Steven Soderbergh (Snowderbergh?) explores similar themes in his latest film The Informant!, albeit in a more jovial tone. Matt Damon portrays the title character, one who gets intimately familiar with wire taps, recording devices and hidden cameras as he tumbles down the rabbit hole of an F.B.I. investigation. Having agreed to assist in the bureau’s inquiry into an international price-fixing scheme, Damon’s Mark Whitacre revels in the attention of being an official “cooperating witness” and is convinced he can keep his job and his friends through the process. Getting in bed with the feds proves ill-advised, however, as Whitacre’s got a few dirty secrets of his own. What he soon learns about the law, as O’Brien’s “Informer” told us some 16 years ago, is that once you let it in the door, you’re screwed. To paraphrase: the law is like a vampire.

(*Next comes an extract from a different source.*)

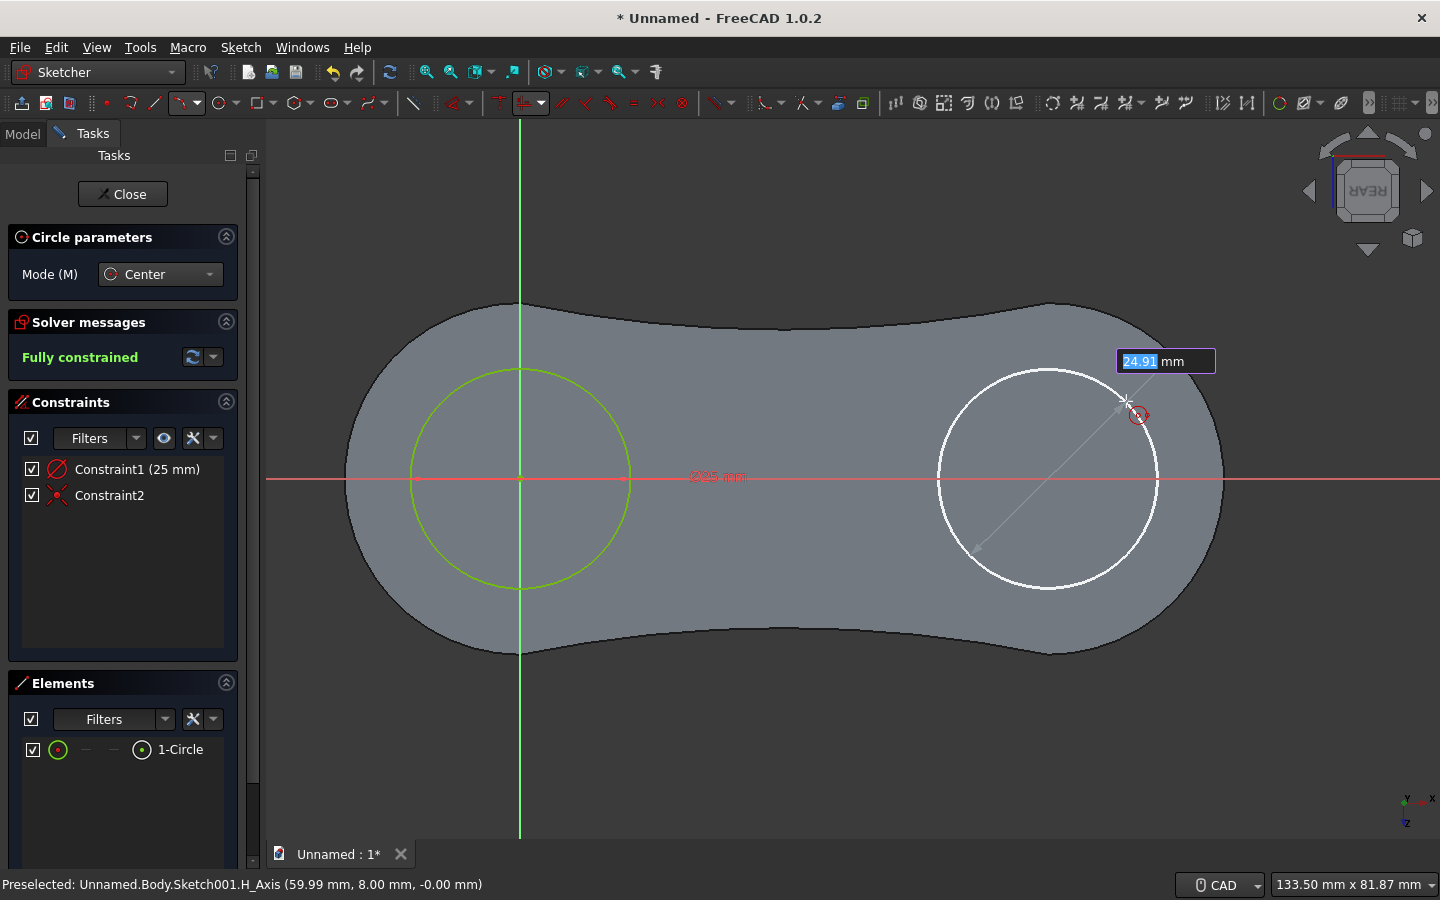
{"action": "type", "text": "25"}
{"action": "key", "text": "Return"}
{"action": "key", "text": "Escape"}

Watching Matt Damon get screwed by a vampire, mind you, is far more enjoyable than you'd expect. Soderbergh reminds us this is a comic tale foremost by painstakingly recreating the corporate cheese of the early 90s workplace. Heinous neck-ties, terrible rugs and poorly cut suits are de rigueur, and Damon’s Whitacre looks right in his element. Whitacre bumbles through the proceedings with the perfect patsy naïveté, and Damon does a delicate job of allowing his character a rather disturbing transformation while remaining lovable all the while. His character also shares a series of hilarious inner-dialogue ramblings along the way, in which he expounds on the psychology of poison-winged butterflies, the hunting practices of polar bears and more. These work to galvanize Whitacre as the insecure, scatterbrained heart of the film while hinting at his disconnection from the world around him.

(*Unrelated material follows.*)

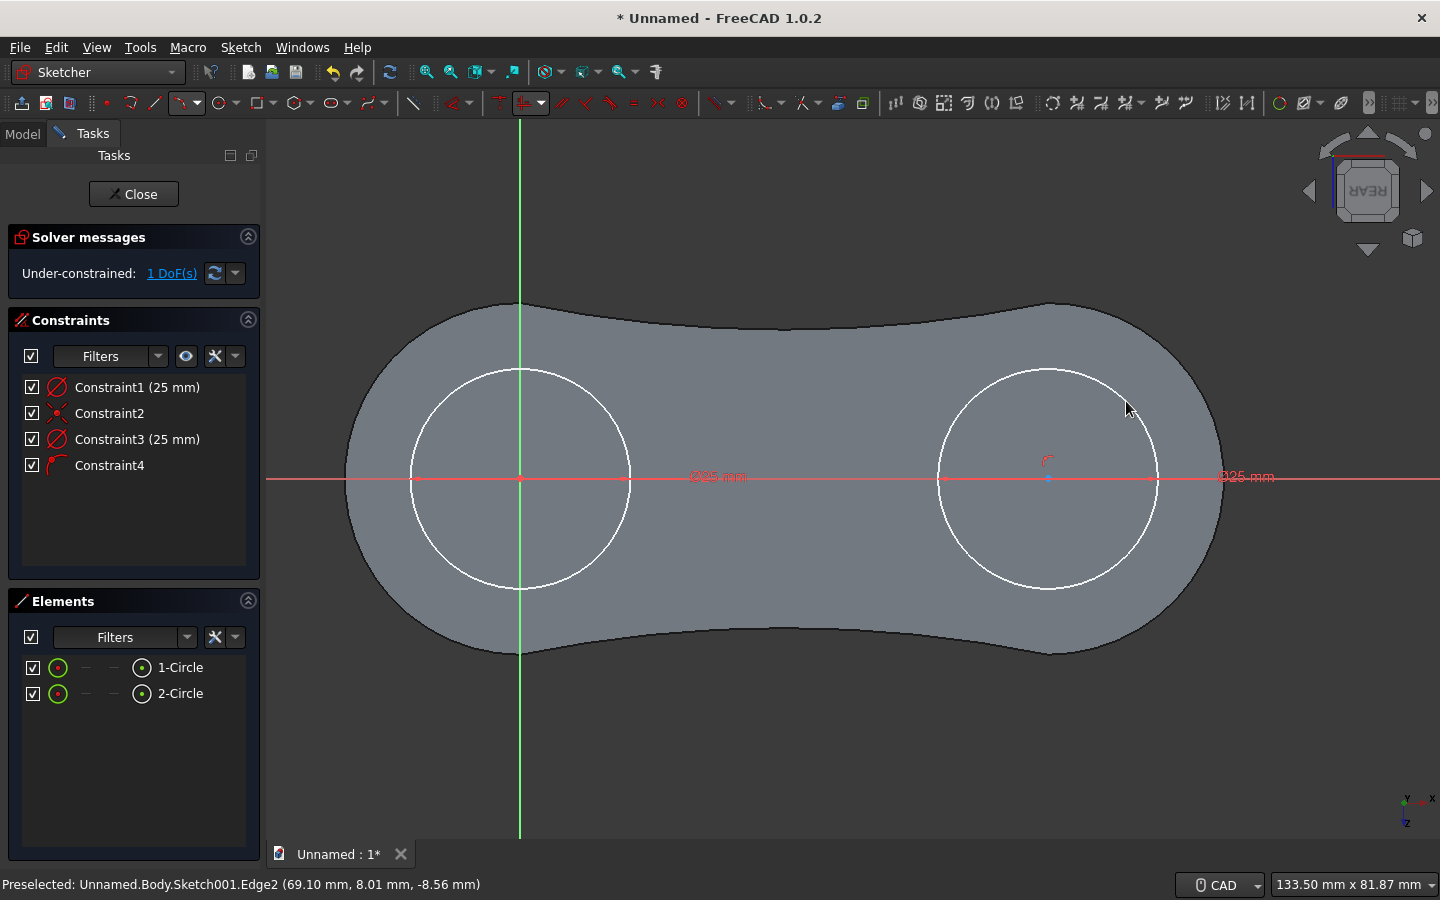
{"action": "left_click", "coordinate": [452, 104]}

And what does it all mean, you’re asking? What does The Informant! teach us about playing games with the law that we didn’t learn from “Informer” so many moons ago? Not much, really. But Damon is outstanding, the film looks fantastic, and the laughs and plot twists keep coming. Like “Informer” before it, The Informant! is an expertly crafted story, a perfect snapshot of the cheesiness of the early 90s, and a chance to see a white boy at the top of his game.